Dance can solve all the world’s problems. Honestly, we believe passionately in that! It’s so important for us as a society to have the freedom to dance.

Yes, dance can be scary for some people. But you know that feeling you get when you’re dancing in the kitchen when nobody is watching? It’s even better when we dance together. It’s an amazing experience. It brings all kinds of benefits: community, health, well-being.

We’ve all got a body, right? And it doesn’t matter what that body looks like, or what it’s capable of. If we’re breathing, we can move.

You know that feeling when you’re dancing in the kitchen when nobody is watching? It’s even better when we dance together. It’s an amazing experience.

When we’re born, movement is our first language. We might go on to develop speech, but sometimes we don’t. We work with a lot of autistic people who are non-verbal. Movement is a way we can express our identity and culture. We can make connections, we can make friends - all through movement. Dance can say a lot without saying anything.

We want to make dance part of everybody’s lives. We run sessions for babies and their families, for people living with Parkinson’s, for people with additional needs and disabilities. We also do youth dance to get young people excited so there’ll be more dance artists in the future. We have a teacher developer program, looking at how we can add dance to the curriculum for Wales.
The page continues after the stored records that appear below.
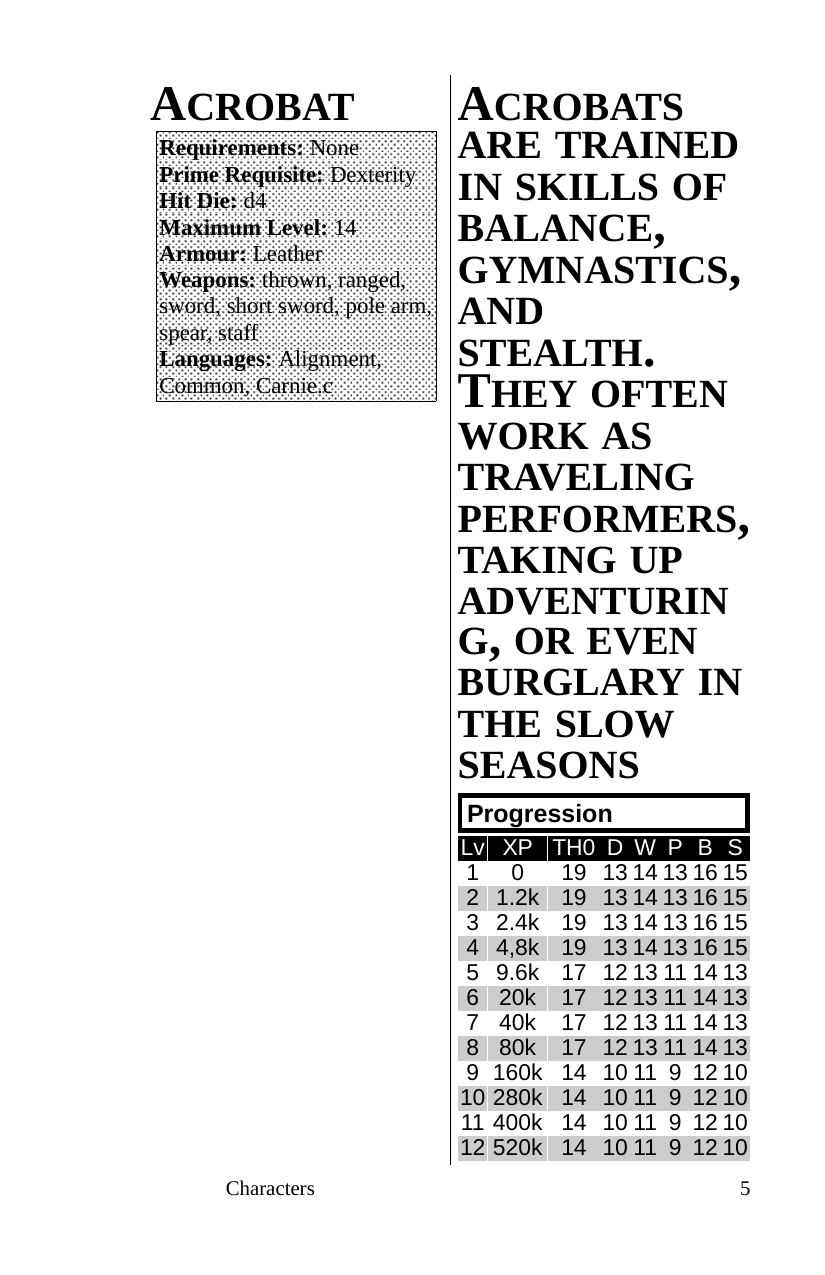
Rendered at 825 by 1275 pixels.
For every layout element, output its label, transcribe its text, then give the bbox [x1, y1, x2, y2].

table_cell 14 [548, 1111, 600, 1136]
table_cell 13 [720, 961, 750, 986]
table_cell 4 [458, 936, 487, 961]
table_cell 17 [548, 1011, 600, 1036]
table_cell 2 [458, 886, 487, 911]
table_cell 12 [600, 961, 630, 986]
table_cell 12 [690, 1061, 720, 1086]
table_header S [720, 836, 750, 861]
table_header B [690, 836, 720, 861]
table_cell 9 [660, 1061, 690, 1086]
table_cell 400k [488, 1111, 547, 1136]
table_cell 11 [458, 1111, 487, 1136]
table_header P [660, 836, 690, 861]
table_cell 15 [720, 936, 750, 961]
table_cell 14 [548, 1061, 600, 1086]
table_cell 13 [720, 1011, 750, 1036]
table_cell 11 [630, 1086, 660, 1111]
table_cell 13 [630, 1036, 660, 1061]
text Prime requisite: Dexterity [157, 158, 436, 184]
table_cell 3 [458, 911, 487, 936]
table_cell 10 [600, 1086, 630, 1111]
table_cell 17 [548, 986, 600, 1011]
table_cell 13 [630, 961, 660, 986]
table_header XP [488, 836, 547, 861]
table_cell 13 [600, 911, 630, 936]
table_cell 5 [458, 961, 487, 986]
table_cell 7 [458, 1011, 487, 1036]
table_cell 14 [690, 961, 720, 986]
table_cell 13 [600, 936, 630, 961]
table_cell 13 [720, 986, 750, 1011]
table_cell 160k [488, 1061, 547, 1086]
text Hit Die: d4 [157, 184, 436, 210]
table_cell 11 [660, 986, 690, 1011]
table_header TH0 [548, 836, 600, 861]
table_cell 12 [690, 1111, 720, 1136]
table_cell 12 [600, 1036, 630, 1061]
table_cell 20k [488, 986, 547, 1011]
table_cell 17 [548, 1036, 600, 1061]
table_cell 14 [548, 1136, 600, 1161]
table_cell 14 [548, 1086, 600, 1111]
table_cell 9 [660, 1136, 690, 1161]
table_cell 11 [630, 1111, 660, 1136]
table_cell 11 [630, 1136, 660, 1161]
table_cell 6 [458, 986, 487, 1011]
table_cell 11 [660, 1036, 690, 1061]
table_cell 80k [488, 1036, 547, 1061]
table_cell 10 [720, 1086, 750, 1111]
table_cell 13 [660, 886, 690, 911]
table_cell 4,8k [488, 936, 547, 961]
table_cell 13 [630, 986, 660, 1011]
subtitle Progression [462, 798, 745, 828]
table_cell 10 [600, 1136, 630, 1161]
table_cell 15 [720, 886, 750, 911]
table_cell 10 [720, 1111, 750, 1136]
table_cell 1.2k [488, 886, 547, 911]
table_cell 9 [458, 1061, 487, 1086]
table_cell 16 [690, 936, 720, 961]
table_cell 11 [660, 1011, 690, 1036]
table_cell 12 [458, 1136, 487, 1161]
text Weapons: thrown, ranged, sword, short sword, pole arm, spear, staff [157, 263, 436, 342]
table_cell 10 [600, 1061, 630, 1086]
table_cell 9 [660, 1111, 690, 1136]
table_cell 13 [630, 1011, 660, 1036]
table_cell 14 [630, 911, 660, 936]
table_cell 13 [660, 861, 690, 886]
table_cell 12 [600, 1011, 630, 1036]
table_cell 14 [630, 936, 660, 961]
table_cell 16 [690, 861, 720, 886]
table_cell 12 [600, 986, 630, 1011]
table_cell 9.6k [488, 961, 547, 986]
table_cell 520k [488, 1136, 547, 1161]
table_cell 19 [548, 911, 600, 936]
table_cell 14 [630, 886, 660, 911]
table_cell 13 [660, 936, 690, 961]
table_header W [630, 836, 660, 861]
table_cell 10 [720, 1061, 750, 1086]
table_cell 16 [690, 886, 720, 911]
table_cell 10 [458, 1086, 487, 1111]
table_cell 14 [690, 986, 720, 1011]
table_cell 10 [600, 1111, 630, 1136]
table_cell 12 [690, 1136, 720, 1161]
table_header D [600, 836, 630, 861]
table_cell 1 [458, 861, 487, 886]
table_cell 2.4k [488, 911, 547, 936]
table_cell 14 [630, 861, 660, 886]
table_cell 280k [488, 1086, 547, 1111]
table_header Lv [458, 836, 487, 861]
table_cell 13 [660, 911, 690, 936]
table_cell 13 [720, 1036, 750, 1061]
table_cell 40k [488, 1011, 547, 1036]
table_cell 11 [660, 961, 690, 986]
table_cell 14 [690, 1011, 720, 1036]
table_cell 13 [600, 861, 630, 886]
text Requirements: None [157, 132, 436, 158]
table_cell 19 [548, 886, 600, 911]
table_cell 9 [660, 1086, 690, 1111]
text Languages: Alignment, Common, Carnie.c [157, 342, 436, 401]
table_cell 16 [690, 911, 720, 936]
table_cell 10 [720, 1136, 750, 1161]
text Armour: Leather [157, 237, 436, 263]
text Maximum level: 14 [157, 210, 436, 237]
table_cell 0 [488, 861, 547, 886]
table_cell 15 [720, 861, 750, 886]
table_cell 13 [600, 886, 630, 911]
table_cell 19 [548, 936, 600, 961]
subtitle Acrobat [150, 87, 442, 128]
table_cell 12 [690, 1086, 720, 1111]
table_cell 19 [548, 861, 600, 886]
table_cell 8 [458, 1036, 487, 1061]
table_cell 11 [630, 1061, 660, 1086]
table_cell 15 [720, 911, 750, 936]
table_cell 17 [548, 961, 600, 986]
text Acrobats are trained in skills of balance, gymnastics, and stealth. They often work as traveling performers, taking up adventuring, or even burglary in the slow seasons [457, 87, 750, 789]
table_cell 14 [690, 1036, 720, 1061]

What’s going on in the picture? We’re doing a show for young children called Sblash! which combines Welsh folk dance, flamenco, clowning and performance with live music.

A lot of our work is about pushing the boundaries forward, while being really respectful to the tradition. There’s a wonderful quote, attributed to Mahler: ‘Tradition is not the worship of ashes, but the preservation of fire.’

That’s what we’re doing. How can we stay within the tradition so it doesn’t become something completely different? How can we honour that - but still find new ways to express it and make it relevant to our lives today? How do we continually reimagine it?

Four performers dressed in traditional Welsh garments standing outside against a blue sky
Cywaith Dawns / Dance Collective. Portrait by Bleak Fabulous.

We want to embed folk dancing and clog dance into places where you wouldn’t normally expect to see it. So it’s not just something that people perform at the eisteddfod. Rather, it’s part of our society.

I inherited my mother’s dancing clogs. Well, it’s more like I stole them, actually. I found them in the bottom of the wardrobe. My mum and dad both used to clog dance, and I said, ‘Teach me how to do this, please.’

During my teens, dancing gave me all sorts of cool opportunities, and I realised that you could have a career in dance. I went away to study at university and carried on studying, teaching and working. Now I’ve got a PhD in dance, believe it or not.

My doctorate came out of a cultural exchange between artists in Wales and Brazil. Not everyone on the project spoke the same language, so we looked at ways in which we could put dance and music into a dialogue, to find a shared performance and shared presence.

I was back and fore to Brazil for months at a time, so my Portuguese is fluent now. It was sink or swim: speak Portuguese or don’t get fed! So I picked it up quite quickly.

More recently I did another intercultural project in the Basque country. I taught clog dance and learnt some of the traditional Basque dances. We performed at a huge festival there, and about 40 young Basque people came over to dance in Wales.

I learned some Spanish, and also a little bit of Basque. Or at least, I can count to eight in Basque. When you’re teaching young people to clog dance, that’s all you need to get going.